Look, in the long run, "f*ck" is but a word. Is it a word that I'd prefer my kids not go around screaming? Yes. But it's only bad because we've been conditioned to get so worked up about swearing. In all honesty, I'd rather my kid turn to the woman at the table behind us at the restaurant and tell her, "My baby just won't stop f*cking crying," than turn around to her and tell her that she's "fat and your hair makes you look like a horse."

Seriously, we give 15 fewer f*cks about our kids taking stuff from other kids than we do about them saying our "words." We'll pressure them to kiss one another even if they don't want to because it's so cute, but we only think we're doing a bad job if they side-mutter to their friend that "the f*cking cat got out again last night and dad is pissed." Swear words can be wrong without being the thing we feel the greatest level of shame over.
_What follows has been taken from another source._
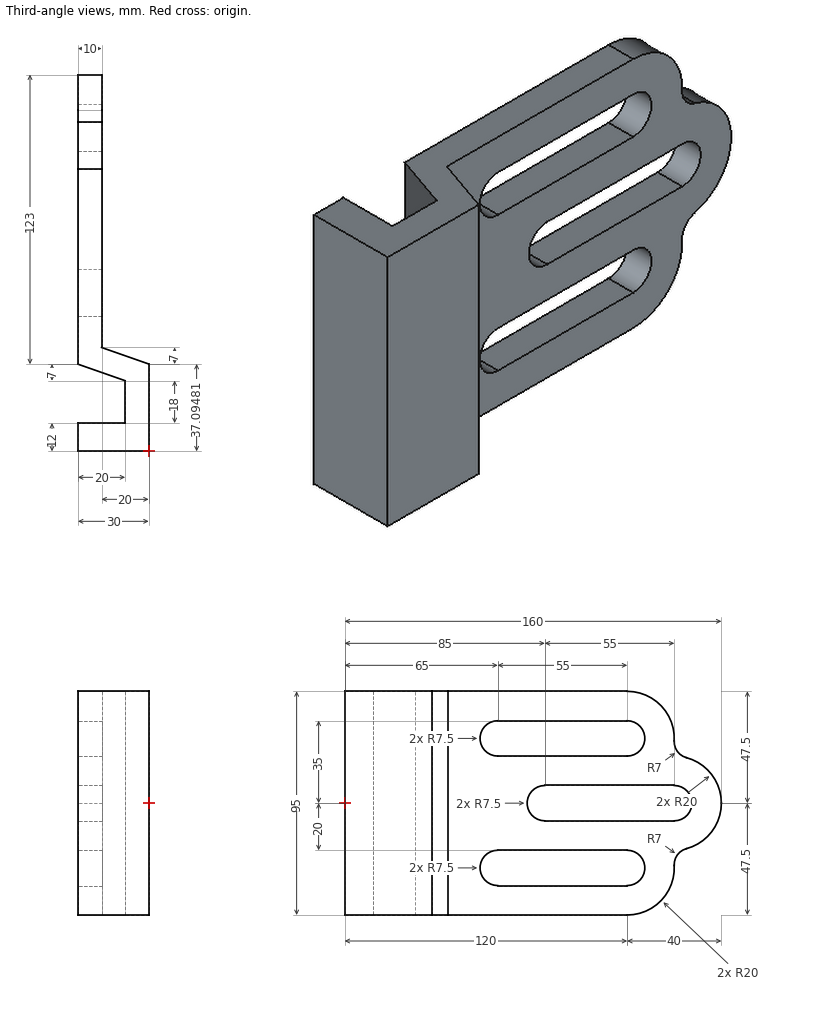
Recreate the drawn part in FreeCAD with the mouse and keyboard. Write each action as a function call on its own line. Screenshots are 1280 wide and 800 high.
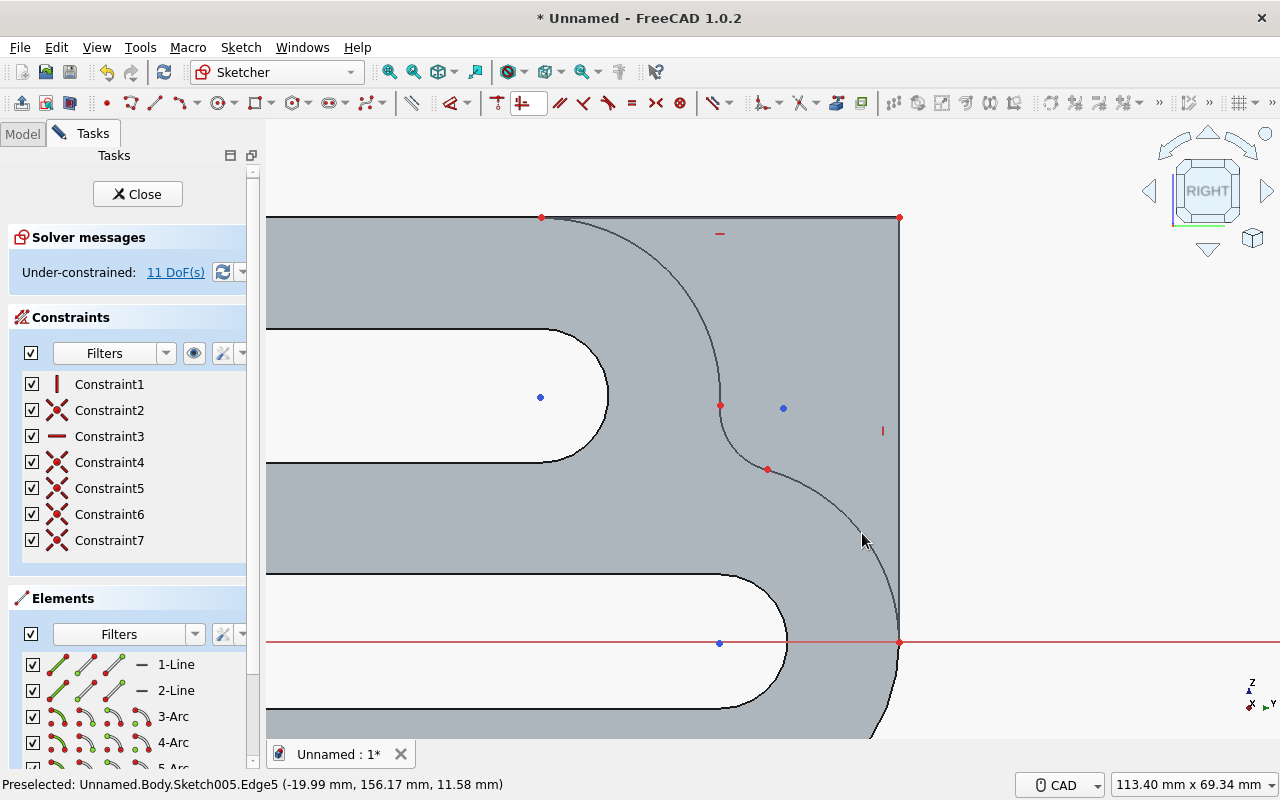
click(899, 515)
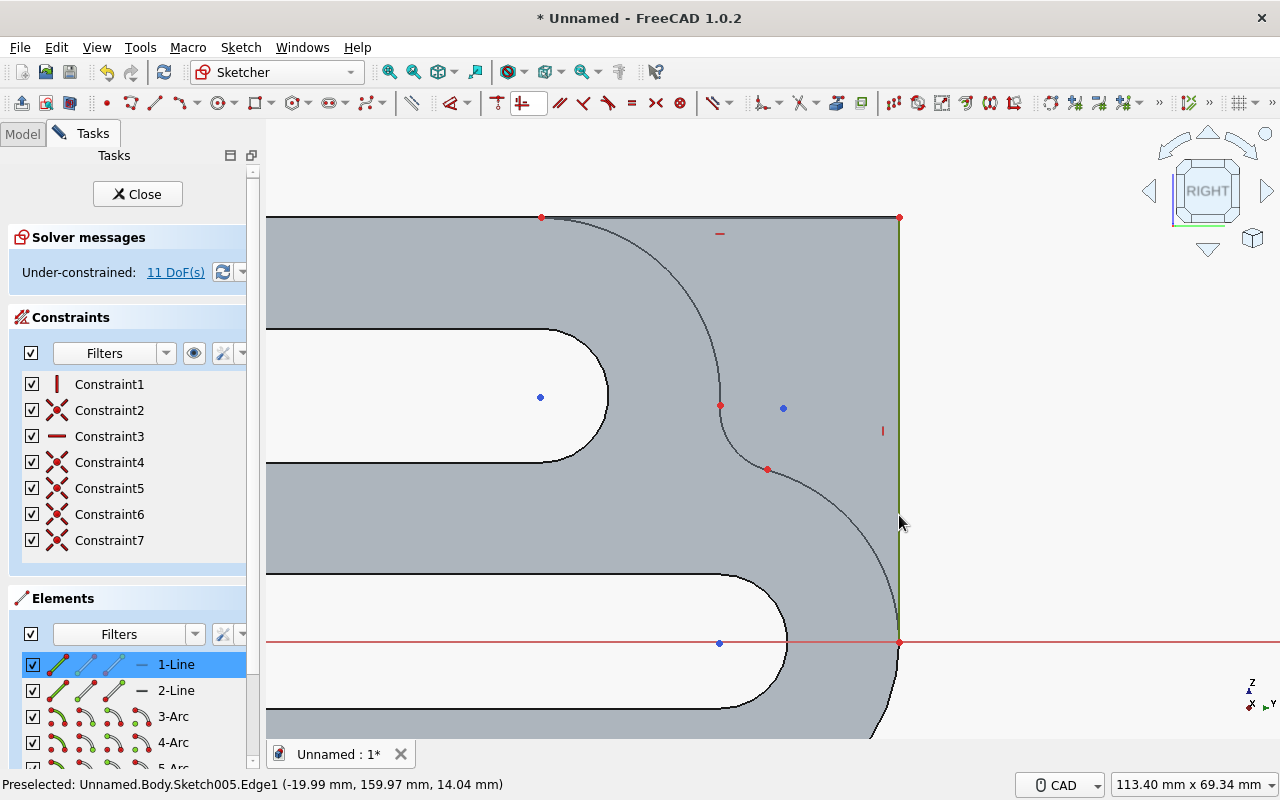
click(885, 575)

My ultimate goal as a parent is to make sure my kids respect everyone around them and understand that we're all different and we're all cool with that. I go about that in strange ways, and some of them involve me using my "word." Would I be happy if my kids never used it? Yes. Do I think the fact that my kids hear it is causing deep psychological damage? No.

My daughter thinks the word "gun" is a bad word. She snickers, as kids do, when a word ends in -ass. She thinks it's sad when someone has to sit in class without friends. She also sometimes says "f*ck." And I don't really care.